→ EXERCISE
Please write out exactly, without any picture, each line from the first in the listing through the line that includes "doc.units = ezdxf.units.IN".

→ DATA RECORDS
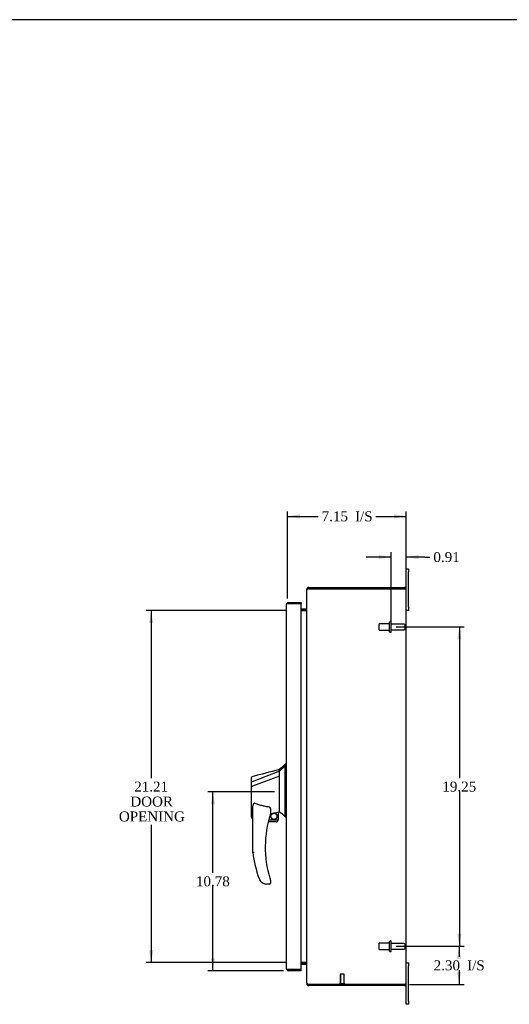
# Model space of a CAD drawing. Header units: inches. Extents: x 1 to 150, y -1 to 99.
# Tile 5 of 10: x 57 to 86, y 40 to 99. Entities that reach past the tile are written whole.
import ezdxf
from ezdxf.enums import TextEntityAlignment as Align
from ezdxf.lldxf.tags import DXFTag

# ---------------------------------------------------------------- set-up
doc = ezdxf.new("R2010")
doc.units = ezdxf.units.IN
doc.header["$MEASUREMENT"] = 0
for name, color, linetype in [('COM48564', 7, 'Continuous'), ('COM70653-2', 7, 'Continuous'), ('Default', 7, 'Continuous'), ('FET07720', 7, 'Continuous'), ('HAN86294', 7, 'Continuous'), ('STD26089', 7, 'Continuous'), ('STD26258', 7, 'Continuous')]:
    doc.layers.add(name, color=color, linetype=linetype)
doc.styles.add('SEACAD_Times_New_Roman', font='times.ttf')
tags = doc.linetypes.add('HIDDEN2', pattern=[0.1875, 0.125, -0.0625]).pattern_tags.tags
tags[6:7] = [DXFTag(74, 4), DXFTag(75, 0), DXFTag(340, '0'), DXFTag(46, 0.0), DXFTag(50, 0.0), DXFTag(44, 0.0), DXFTag(45, 0.0)]
tags[4:5] = [DXFTag(74, 4), DXFTag(75, 0), DXFTag(340, '0'), DXFTag(46, 0.0), DXFTag(50, 0.0), DXFTag(44, 0.0), DXFTag(45, 0.0)]
doc.dimstyles.new('HAMMOND_(STH_-_120x80)', dxfattribs={"dimtxt": 0.6, "dimasz": 0.75, "dimexe": 0.3, "dimexo": 0.3, "dimgap": 0.15, "dimtad": 0, "dimtih": 1, "dimtoh": 1, "dimzin": 0, "dimdsep": 46, "dimtxsty": 'SEACAD_Times_New_Roman', "dimblk1": '_SE_FILLED', "dimblk2": '_SE_FILLED', "dimsah": 1, "dimcen": 0.3, "dimadec": 0, "dimazin": 0, "dimtfac": 0.8, "dimtofl": 0, "dimtmove": 0, "dimatfit": 3, "dimfxl": 1, "dimtolj": 1, "dimtzin": 0, "dimarcsym": 0})

# ---------------------------------------------------------------- blocks, each defined once
blk = doc.blocks.new('SE3')
at = {"layer": 'COM48564', "color": 7, "linetype": 'Continuous'}
for p, q in [((74.024, 65.153), (74.024, 65.106)), ((74.024, 65.153), (74.059, 65.153)), ((74.024, 41.416), (74.024, 65.106)), ((74.166, 65.261), (74.132, 65.261)), ((74.132, 65.189), (74.132, 65.261)), ((74.132, 65.189), (74.166, 65.189)), ((74.166, 65.261), (79.916, 65.261)), ((74.166, 65.189), (79.916, 65.189)), ((79.916, 65.189), (74.166, 65.189)), ((79.916, 65.189), (79.948, 65.189)), ((79.928, 65.189), (79.916, 65.189)), ((79.948, 65.256), (79.928, 65.189)), ((80.024, 41.369), (80.024, 65.153)), ((73.988, 63.958), (73.689, 63.958)), ((73.988, 63.886), (73.689, 63.886)), ((73.689, 63.868), (73.988, 63.868)), ((73.988, 63.868), (73.996, 63.868)), ((73.996, 63.959), (74.009, 63.894)), ((73.988, 42.654), (73.689, 42.654)), ((73.689, 42.636), (73.988, 42.636)), ((73.689, 42.564), (73.988, 42.564)), ((73.996, 42.654), (73.988, 42.654)), ((73.996, 42.563), (74.009, 42.628)), ((74.024, 41.416), (74.024, 41.369)), ((74.024, 41.369), (74.059, 41.369)), ((74.132, 41.333), (74.132, 41.261)), ((74.166, 41.333), (74.132, 41.333)), ((74.132, 41.261), (74.166, 41.261)), ((74.166, 41.333), (79.916, 41.333)), ((79.916, 41.333), (74.166, 41.333)), ((79.916, 41.261), (74.166, 41.261)), ((79.928, 41.333), (79.916, 41.333)), ((79.916, 41.333), (79.948, 41.333)), ((79.948, 41.266), (79.928, 41.333))]:
    blk.add_line(p, q, dxfattribs=at)
for centre, radius, start, end in [((74.132, 65.153), 0.108, 126.87957, 180), ((74.132, 65.153), 0.108, 90, 126.87955), ((74.16, 65.007), 0.178, 98.78807, 121.13149), ((74.132, 65.153), 0.036, 90, 126.87955), ((74.166, 65.089), 0.1, 90, 109.52472), ((79.916, 65.153), 0.108, 72.91006, 90), ((79.916, 65.153), 0.108, 18.10984, 72.91006), ((80.142, 64.393), 0.803, 98.76811, 102.74687), ((80.142, 64.395), 0.801, 98.79505, 102.77303), ((79.916, 65.153), 0.108, 0, 18.10984), ((73.988, 63.994), 0.036, 270, 281.86813), ((73.988, 63.994), 0.108, 270, 281.86813), ((73.988, 63.994), 0.036, 281.8682, 359.99993), ((73.874, 63.957), 0.151, 323.9353, 356.26644), ((73.988, 42.528), 0.108, 78.13187, 90), ((73.988, 42.528), 0.036, 78.13187, 90), ((73.874, 42.565), 0.151, 3.73356, 36.0647), ((73.988, 42.528), 0.036, 0.00007, 78.1318), ((74.132, 41.369), 0.108, 180.00004, 233.12041), ((74.16, 41.515), 0.178, 238.86851, 261.21193), ((74.132, 41.369), 0.108, 233.12045, 270), ((74.132, 41.369), 0.036, 233.12045, 270), ((74.166, 41.433), 0.1, 250.47528, 270), ((79.916, 41.369), 0.108, 270, 287.08994), ((79.916, 41.369), 0.108, 287.08994, 341.89016), ((80.142, 42.127), 0.801, 257.20608, 261.20495), ((80.142, 42.129), 0.803, 257.25313, 261.23189), ((79.916, 41.369), 0.108, 341.89016, 0)]:
    blk.add_arc(centre, radius, start, end, dxfattribs=at)
for centre, start_param, end_param in [((79.916, 65.153), 3.141593, 3.457669), ((79.916, 41.369), 2.825516, 3.141593)]:
    blk.add_ellipse(centre, major_axis=(-0.108, 0), ratio=0.996907, start_param=start_param, end_param=end_param, dxfattribs=at)
for points, knots in [([(74.024, 65.106), (74.024, 65.115), (74.028, 65.124), (74.043, 65.142), (74.054, 65.151), (74.068, 65.16)], [0, 0, 0, 0, 0.5, 0.5, 1, 1, 1, 1]), ([(79.948, 65.189), (79.951, 65.185), (79.954, 65.182), (79.962, 65.177), (79.966, 65.175), (79.973, 65.172), (79.977, 65.171), (79.985, 65.169), (79.988, 65.169), (79.998, 65.169), (80.004, 65.17), (80.011, 65.174), (80.013, 65.176), (80.017, 65.18), (80.018, 65.183), (80.019, 65.187)], [0, 0, 0, 0, 0.125, 0.125, 0.25, 0.25, 0.375, 0.375, 0.5, 0.5, 0.75, 0.75, 0.875, 0.875, 1, 1, 1, 1]), ([(74.068, 41.363), (74.054, 41.372), (74.043, 41.38), (74.028, 41.398), (74.024, 41.407), (74.024, 41.416)], [0, 0, 0, 0, 0.5, 0.5, 1, 1, 1, 1]), ([(80.019, 41.336), (80.018, 41.339), (80.017, 41.342), (80.013, 41.347), (80.011, 41.348), (80.007, 41.351), (80.004, 41.352), (79.998, 41.353), (79.995, 41.354), (79.985, 41.354), (79.977, 41.352), (79.966, 41.347), (79.962, 41.345), (79.954, 41.34), (79.951, 41.337), (79.948, 41.333)], [0, 0, 0, 0, 0.125, 0.125, 0.25, 0.25, 0.375, 0.375, 0.5, 0.5, 0.75, 0.75, 0.875, 0.875, 1, 1, 1, 1])]:
    blk.add_open_spline(points, degree=3, knots=knots, dxfattribs=at)
at = {"layer": 'COM70653-2', "color": 7, "linetype": 'Continuous'}
for p, q in [((72.814, 42.267), (72.814, 64.256)), ((72.821, 64.292), (72.922, 64.292)), ((72.922, 64.292), (72.821, 64.292)), ((72.922, 64.364), (73.689, 64.364)), ((72.922, 64.292), (73.689, 64.292)), ((73.689, 64.292), (72.922, 64.292)), ((73.689, 64.364), (73.689, 64.292)), ((73.689, 42.231), (73.689, 64.292)), ((72.821, 42.231), (72.922, 42.231)), ((72.922, 42.231), (72.821, 42.231)), ((73.689, 42.231), (72.922, 42.231)), ((72.922, 42.231), (73.689, 42.231)), ((73.689, 42.159), (72.922, 42.159)), ((73.689, 42.159), (73.689, 42.231))]:
    blk.add_line(p, q, dxfattribs=at)
for centre, start, end in [((72.922, 64.256), 160.52878, 180), ((72.922, 64.256), 90, 160.52878), ((72.922, 42.267), 180, 199.47122), ((72.922, 42.267), 199.47122, 270)]:
    blk.add_arc(centre, 0.108, start, end, dxfattribs=at)
for centre, start_param, end_param in [((72.922, 64.256), 2.801756, 3.141593), ((72.922, 42.267), 3.141593, 3.48143)]:
    blk.add_ellipse(centre, major_axis=(0.108, 0), ratio=0.997813, start_param=start_param, end_param=end_param, dxfattribs=at)
at = {"layer": 'FET07720', "color": 7, "linetype": 'Continuous'}
for p, q in [((80.024, 66.199), (80.024, 66.386)), ((80.024, 66.386), (80.149, 66.386)), ((80.024, 65.153), (80.024, 66.199)), ((80.149, 66.386), (80.149, 66.199)), ((80.149, 64.074), (80.149, 66.199)), ((80.149, 63.886), (80.024, 63.886)), ((80.149, 64.074), (80.149, 63.886)), ((80.024, 42.636), (80.149, 42.636)), ((80.149, 42.636), (80.149, 42.449)), ((80.149, 40.324), (80.149, 42.449)), ((80.024, 40.324), (80.024, 41.369)), ((80.024, 40.136), (80.024, 40.324)), ((80.149, 40.136), (80.024, 40.136)), ((80.149, 40.324), (80.149, 40.136))]:
    blk.add_line(p, q, dxfattribs=at)
at = {"layer": 'HAN86294', "color": 7, "linetype": 'Continuous'}
for p, q in [((72.734, 54.611), (72.734, 54.509)), ((72.814, 54.611), (72.734, 54.611)), ((72.379, 54.199), (70.744, 53.543)), ((72.379, 54.199), (72.379, 54.311)), ((72.379, 54.052), (72.379, 54.199)), ((72.379, 53.959), (72.379, 54.052)), ((72.734, 54.45), (72.734, 54.509)), ((72.734, 54.363), (72.734, 54.45)), ((72.734, 51.873), (72.734, 54.363)), ((70.699, 53.518), (70.699, 53.815)), ((70.699, 53.284), (70.699, 53.518)), ((72.379, 53.885), (70.756, 53.282)), ((72.379, 53.885), (72.379, 53.959)), ((72.379, 52), (72.379, 53.885)), ((70.699, 51.412), (70.699, 53.284)), ((70.754, 53.282), (70.756, 53.282)), ((70.779, 49.278), (70.779, 51.949)), ((71.839, 51.868), (71.839, 51.605)), ((71.839, 51.619), (71.967, 51.648)), ((72.05, 51.667), (72.284, 51.722)), ((72.314, 51.726), (72.314, 51.261)), ((72.315, 51.725), (72.379, 51.741)), ((72.379, 51.854), (72.379, 52)), ((72.379, 51.741), (72.379, 51.854)), ((72.734, 51.468), (72.734, 51.873)), ((70.774, 51.353), (70.779, 51.355)), ((72.189, 51.136), (71.709, 51.136)), ((71.741, 51.261), (72.314, 51.261)), ((72.734, 51.443), (72.734, 51.468)), ((72.734, 51.441), (72.814, 51.441)), ((71.839, 47.624), (71.839, 47.446)), ((71.342, 47.476), (71.341, 47.474)), ((71.779, 47.386), (71.625, 47.386))]:
    blk.add_line(p, q, dxfattribs=at)
blk.add_circle((72.053, 51.465), 0.188, dxfattribs=at)
for centre, radius, start, end in [((56.35, 73.639), 25.11, 309.66938, 310.72993), ((-234.206, 1195.489), 1181.644, 284.955709, 285.037832), ((70.759, 53.815), 0.06, 105.32395, 180.00016), ((70.744, 53.642), 0.361, 262.90649, 271.52325), ((72.053, 51.465), 0.202, 115.2676, 90.89564), ((71.791, 52.593), 0.961, 280.53162, 285.63162), ((57.596, 33.887), 23.18, 49.22541, 50.37426), ((77.943, 49.615), 6.417, 162.10501, 197.01016), ((71.779, 51.605), 0.06, 342.10501, 0), ((72.189, 51.261), 0.125, 270, 310.5358), ((72.189, 51.261), 0.125, 310.5358, 346.11346), ((72.189, 51.261), 0.125, 346.11346, 0), ((78.12, 50.214), 7.4, 187.26095, 199.71455), ((71.625, 47.886), 0.5, 199.71455, 235.43766), ((71.779, 47.624), 0.06, 0, 17.89499), ((71.625, 47.886), 0.5, 235.43766, 270), ((71.779, 47.446), 0.06, 270, 0)]:
    blk.add_arc(centre, radius, start, end, dxfattribs=at)
blk.add_ellipse((70.759, 51.412), major_axis=(0.06, 0), ratio=0.999979, start_param=3.141468, end_param=4.950188, dxfattribs=at)
blk.add_open_spline([(72.734, 54.509), (72.616, 54.406), (72.498, 54.302), (72.379, 54.199)], degree=3, dxfattribs=at)
for points, knots in [([(70.744, 53.543), (70.731, 53.542), (70.72, 53.539), (70.704, 53.53), (70.699, 53.524), (70.699, 53.518)], [0, 0, 0, 0, 0.5, 0.5, 1, 1, 1, 1]), ([(70.779, 51.949), (70.779, 52.006), (70.783, 52.064), (70.798, 52.149), (70.804, 52.178), (70.819, 52.218), (70.825, 52.232), (70.837, 52.25), (70.842, 52.255), (70.854, 52.263), (70.862, 52.264), (70.869, 52.261)], [0, 0, 0, 0, 0.5, 0.5, 0.75, 0.75, 0.875, 0.875, 0.9375, 0.9375, 1, 1, 1, 1]), ([(71.779, 52.023), (71.701, 52.034), (71.624, 52.046), (71.469, 52.076), (71.392, 52.093), (71.24, 52.132), (71.165, 52.155), (71.016, 52.204), (70.942, 52.232), (70.869, 52.261)], [0, 0, 0, 0, 0.25, 0.25, 0.5, 0.5, 0.75, 0.75, 1, 1, 1, 1]), ([(71.779, 52.023), (71.783, 52.022), (71.787, 52.021), (71.794, 52.017), (71.796, 52.014), (71.804, 52.006), (71.808, 52), (71.816, 51.987), (71.819, 51.98), (71.824, 51.967), (71.826, 51.96), (71.832, 51.939), (71.835, 51.925), (71.838, 51.904), (71.838, 51.897), (71.839, 51.883), (71.839, 51.875), (71.839, 51.868)], [0, 0, 0, 0, 0.0625, 0.0625, 0.125, 0.125, 0.25, 0.25, 0.375, 0.375, 0.5, 0.5, 0.75, 0.75, 0.875, 0.875, 1, 1, 1, 1]), ([(72.284, 51.722), (72.288, 51.723), (72.292, 51.724), (72.299, 51.725), (72.303, 51.726), (72.311, 51.727), (72.314, 51.727), (72.314, 51.726)], [0, 0, 0, 0, 0.25, 0.25, 0.5, 0.5, 1, 1, 1, 1]), ([(70.869, 49.284), (70.864, 49.284), (70.858, 49.283), (70.846, 49.283), (70.84, 49.282), (70.824, 49.281), (70.814, 49.281), (70.802, 49.28), (70.798, 49.28), (70.791, 49.279), (70.789, 49.279), (70.784, 49.279), (70.782, 49.279), (70.78, 49.278), (70.779, 49.278), (70.779, 49.278)], [0, 0, 0, 0, 0.125, 0.125, 0.25, 0.25, 0.5, 0.5, 0.625, 0.625, 0.75, 0.75, 0.875, 0.875, 1, 1, 1, 1]), ([(71.807, 47.737), (71.812, 47.72), (71.817, 47.703), (71.826, 47.677), (71.828, 47.669), (71.832, 47.657), (71.833, 47.653), (71.835, 47.648), (71.835, 47.646), (71.836, 47.644), (71.837, 47.643), (71.837, 47.643)], [0, 0, 0, 0, 0.5, 0.5, 0.75, 0.75, 0.875, 0.875, 0.9375, 0.9375, 1, 1, 1, 1])]:
    blk.add_open_spline(points, degree=3, knots=knots, dxfattribs=at)
at = {"layer": 'STD26089', "color": 7, "linetype": 'HIDDEN2'}
for p, q in [((78.39, 62.699), (78.39, 63.074)), ((79.015, 63.074), (78.39, 63.074)), ((79.015, 62.591), (79.015, 63.181)), ((79.085, 63.211), (79.045, 63.211)), ((79.115, 62.591), (79.115, 63.181)), ((79.892, 63.052), (79.115, 63.052)), ((79.952, 62.78), (79.952, 62.992)), ((78.39, 62.699), (79.015, 62.699)), ((79.045, 62.561), (79.085, 62.561)), ((79.115, 62.72), (79.892, 62.72)), ((79.015, 43.341), (79.015, 43.931)), ((79.085, 43.961), (79.045, 43.961)), ((79.115, 43.341), (79.115, 43.931)), ((78.39, 43.449), (78.39, 43.824)), ((79.015, 43.824), (78.39, 43.824)), ((78.39, 43.449), (79.015, 43.449)), ((79.892, 43.802), (79.115, 43.802)), ((79.115, 43.47), (79.892, 43.47)), ((79.952, 43.53), (79.952, 43.742)), ((79.045, 43.311), (79.085, 43.311))]:
    blk.add_line(p, q, dxfattribs=at)
for centre, radius, start, end in [((79.045, 63.181), 0.03, 90, 180), ((79.085, 63.181), 0.03, 0, 90), ((79.892, 62.992), 0.06, 0, 90), ((79.045, 62.591), 0.03, 180, 270), ((79.085, 62.591), 0.03, 270, 0), ((79.892, 62.78), 0.06, 270, 0), ((79.045, 43.931), 0.03, 90, 180), ((79.085, 43.931), 0.03, 0, 90), ((79.045, 43.341), 0.03, 180, 270), ((79.085, 43.341), 0.03, 270, 0), ((79.892, 43.742), 0.06, 0, 90), ((79.892, 43.53), 0.06, 270, 0)]:
    blk.add_arc(centre, radius, start, end, dxfattribs=at)
at = {"layer": 'STD26258', "color": 7, "linetype": 'HIDDEN2'}
for p, q in [((76.281, 41.958), (76.031, 41.958)), ((76.031, 41.958), (76.031, 41.364)), ((76.062, 41.958), (76.062, 41.364)), ((76.251, 41.958), (76.251, 41.364)), ((76.281, 41.364), (76.281, 41.958)), ((76.313, 41.364), (76, 41.364)), ((76, 41.364), (76, 41.333)), ((76.313, 41.333), (76.313, 41.364))]:
    blk.add_line(p, q, dxfattribs=at)
at = {"layer": 'STD26258', "color": 7, "linetype": 'Continuous'}
for p, q in [((76, 41.333), (76, 41.333)), ((76.313, 41.333), (76.313, 41.333))]:
    blk.add_line(p, q, dxfattribs=at)
blk = doc.blocks.new('DMBLK7293')
at = {"layer": 'Default', "linetype": 'Continuous'}
for points in [[(83.342, 62.136), (83.217, 62.886), (83.092, 62.136)], [(83.342, 44.386), (83.092, 44.386), (83.217, 43.636)]]:
    blk.add_hatch(color=7, dxfattribs=at).paths.add_polyline_path(points)
at = {"layer": 'Default', "color": 7, "linetype": 'Continuous'}
for p, q in [((79.415, 62.886), (83.517, 62.886)), ((83.217, 62.886), (83.217, 53.771)), ((83.217, 52.961), (83.217, 43.636)), ((79.415, 43.636), (83.517, 43.636))]:
    blk.add_line(p, q, dxfattribs=at)
at = {"layer": 'Default', "color": 7, "linetype": 'Continuous', "style": 'SEACAD_Times_New_Roman'}
blk.add_text('19.25', height=0.6, dxfattribs=at).set_placement((82.193, 53.561), align=Align.TOP_LEFT)
blk = doc.blocks.new('_SE_FILLED')
at = {"color": 0}
blk.add_line((0, 0), (-1, 0), dxfattribs=at)
blk.add_solid([(0, 0), (-1, -0.1665), (-1, 0.1665), (0, 0)], dxfattribs=at)
blk = doc.blocks.new('DMBLK7294')
at = {"layer": 'Default', "linetype": 'Continuous'}
for points in [[(83.325, 42.886), (83.2, 43.636), (83.075, 42.886)], [(83.325, 42.083), (83.075, 42.083), (83.2, 41.333)]]:
    blk.add_hatch(color=7, dxfattribs=at).paths.add_polyline_path(points)
at = {"layer": 'Default', "color": 7, "linetype": 'Continuous'}
for p, q in [((79.415, 43.636), (83.5, 43.636)), ((83.2, 43.636), (83.2, 42.995)), ((83.2, 42.185), (83.2, 41.333)), ((80.216, 41.333), (83.5, 41.333))]:
    blk.add_line(p, q, dxfattribs=at)
at = {"layer": 'Default', "color": 7, "linetype": 'Continuous', "style": 'SEACAD_Times_New_Roman'}
for s, p in [('2.30', (81.674, 42.785)), ('I/S', (83.687, 42.785))]:
    blk.add_text(s, height=0.6, dxfattribs=at).set_placement(p, align=Align.TOP_LEFT)
blk = doc.blocks.new('DMBLK7302')
at = {"layer": 'Default', "linetype": 'Continuous'}
for points in [[(64.535, 63.118), (64.785, 63.118), (64.66, 63.868)], [(64.535, 43.404), (64.66, 42.654), (64.785, 43.404)]]:
    blk.add_hatch(color=7, dxfattribs=at).paths.add_polyline_path(points)
at = {"layer": 'Default', "color": 7, "linetype": 'Continuous'}
for p, q in [((72.821, 63.868), (64.36, 63.868)), ((64.66, 63.868), (64.66, 53.771)), ((64.66, 50.951), (64.66, 42.654)), ((72.821, 42.654), (64.36, 42.654))]:
    blk.add_line(p, q, dxfattribs=at)
at = {"layer": 'Default', "color": 7, "linetype": 'Continuous', "style": 'SEACAD_Times_New_Roman'}
for s, p in [('21.21', (63.636, 53.561)), ('DOOR', (63.401, 52.661)), ('OPENING', (62.712, 51.761))]:
    blk.add_text(s, height=0.6, dxfattribs=at).set_placement(p, align=Align.TOP_LEFT)
blk = doc.blocks.new('DMBLK7308')
at = {"layer": 'Default', "linetype": 'Continuous'}
for points in [[(73.622, 69.678), (72.872, 69.553), (73.622, 69.428)], [(79.274, 69.678), (79.274, 69.428), (80.024, 69.553)]]:
    blk.add_hatch(color=7, dxfattribs=at).paths.add_polyline_path(points)
at = {"layer": 'Default', "color": 7, "linetype": 'Continuous'}
for p, q in [((72.872, 64.592), (72.872, 69.853)), ((72.872, 69.553), (74.713, 69.553)), ((78.183, 69.553), (80.024, 69.553)), ((80.024, 65.453), (80.024, 69.853))]:
    blk.add_line(p, q, dxfattribs=at)
at = {"layer": 'Default', "color": 7, "linetype": 'Continuous', "style": 'SEACAD_Times_New_Roman'}
for s, p in [('7.15', (74.923, 69.853)), ('I/S', (76.935, 69.853))]:
    blk.add_text(s, height=0.6, dxfattribs=at).set_placement(p, align=Align.TOP_LEFT)
blk = doc.blocks.new('DMBLK7309')
at = {"layer": 'Default', "linetype": 'Continuous'}
for points in [[(78.365, 67.224), (78.365, 66.974), (79.115, 67.099)], [(80.774, 67.224), (80.024, 67.099), (80.774, 66.974)]]:
    blk.add_hatch(color=7, dxfattribs=at).paths.add_polyline_path(points)
at = {"layer": 'Default', "color": 7, "linetype": 'Continuous'}
for p, q in [((79.115, 67.099), (77.615, 67.099)), ((79.115, 63.186), (79.115, 67.399)), ((80.024, 65.453), (80.024, 67.399)), ((81.144, 67.099), (80.024, 67.099)), ((81.144, 67.099), (81.444, 67.099))]:
    blk.add_line(p, q, dxfattribs=at)
at = {"layer": 'Default', "color": 7, "linetype": 'Continuous', "style": 'SEACAD_Times_New_Roman'}
blk.add_text('0.91', height=0.6, dxfattribs=at).set_placement((81.654, 67.399), align=Align.TOP_LEFT)
blk = doc.blocks.new('DMBLK7314')
at = {"layer": 'Default', "linetype": 'Continuous'}
for points in [[(68.252, 52.193), (68.502, 52.193), (68.377, 52.943)], [(68.252, 42.909), (68.377, 42.159), (68.502, 42.909)]]:
    blk.add_hatch(color=7, dxfattribs=at).paths.add_polyline_path(points)
at = {"layer": 'Default', "color": 7, "linetype": 'Continuous'}
for p, q in [((72.079, 52.943), (68.077, 52.943)), ((68.377, 48.061), (68.377, 52.943)), ((68.377, 42.159), (68.377, 47.251)), ((72.622, 42.159), (68.077, 42.159))]:
    blk.add_line(p, q, dxfattribs=at)
at = {"layer": 'Default', "color": 7, "linetype": 'Continuous', "style": 'SEACAD_Times_New_Roman'}
blk.add_text('10.78', height=0.6, dxfattribs=at).set_placement((67.353, 47.851), align=Align.TOP_LEFT)
blk = doc.blocks.new('BORDER')
at = {"layer": 'Default', "color": 7, "linetype": 'Continuous'}
blk.add_line((0, 27.86), (-41.86, 27.86), dxfattribs=at)

msp = doc.modelspace()

# ---------------------------------------------------------------- block references
at = {"layer": 'Default', "color": 7, "xscale": 3.56, "yscale": 3.56, "zscale": 3.56}
msp.add_blockref('BORDER', (149.664, 0.311), dxfattribs=at)
at = {"layer": 'Default'}
msp.add_blockref('SE3', (0, 0), dxfattribs=at)

# ---------------------------------------------------------------- dimensions: what is measured, and where the dimension line sits
at = {"layer": 'Default', "color": 7, "linetype": 'Continuous'}
dim = msp.add_linear_dim(base=(80.024, 69.553), p1=(72.872, 64.292), p2=(80.024, 65.153), text='\\A1;<> I/S', dimstyle='HAMMOND_(STH_-_120x80)', dxfattribs=at)
dim.commit()
dim.dimension.update_dxf_attribs({"geometry": 'DMBLK7308', "text_midpoint": (76.448, 69.553), "dimtype": 160})
dim = msp.add_linear_dim(base=(79.115, 67.099), p1=(80.024, 65.153), p2=(79.115, 62.886), text='\\A1;<>', dimstyle='HAMMOND_(STH_-_120x80)', override={"dimtmove": 1}, dxfattribs=at)
dim.commit()
dim.dimension.update_dxf_attribs({"geometry": 'DMBLK7309', "text_midpoint": (81.444, 67.099), "dimtype": 160})
for base, p1, p2, angle, text, picture, middle, dimtype in [((64.66, 63.868), (73.988, 63.868), (73.988, 42.654), 270, '\\A1;<>\\PDOOR\\XOPENING', 'DMBLK7302', (64.66, 53.261), 161), ((83.217, 62.886), (79.115, 62.886), (79.115, 43.636), 270, '\\A1;<>', 'DMBLK7293', (83.217, 53.261), 161), ((68.377, 52.943), (72.922, 42.159), (72.379, 52.943), 90, '\\A1;<>', 'DMBLK7314', (68.377, 47.551), 160), ((83.2, 41.333), (79.115, 43.636), (79.916, 41.333), 90, '\\A1;<> I/S', 'DMBLK7294', (83.2, 42.485), 160)]:
    dim = msp.add_linear_dim(base=base, p1=p1, p2=p2, angle=angle, text=text, dimstyle='HAMMOND_(STH_-_120x80)', dxfattribs=at)
    dim.commit()
    dim.dimension.update_dxf_attribs({"geometry": picture, "text_midpoint": middle, "dimtype": dimtype})

doc.saveas('drawing.dxf')

→ SOLUTION FOR THIS EXERCISE
# Model space of a CAD drawing. Header units: inches. Extents: x 1 to 150, y -1 to 99.
# Tile 5 of 10: x 57 to 86, y 40 to 99. Entities that reach past the tile are written whole.
import ezdxf
from ezdxf.enums import TextEntityAlignment as Align
from ezdxf.lldxf.tags import DXFTag

# ---------------------------------------------------------------- set-up
doc = ezdxf.new("R2010")
doc.units = ezdxf.units.IN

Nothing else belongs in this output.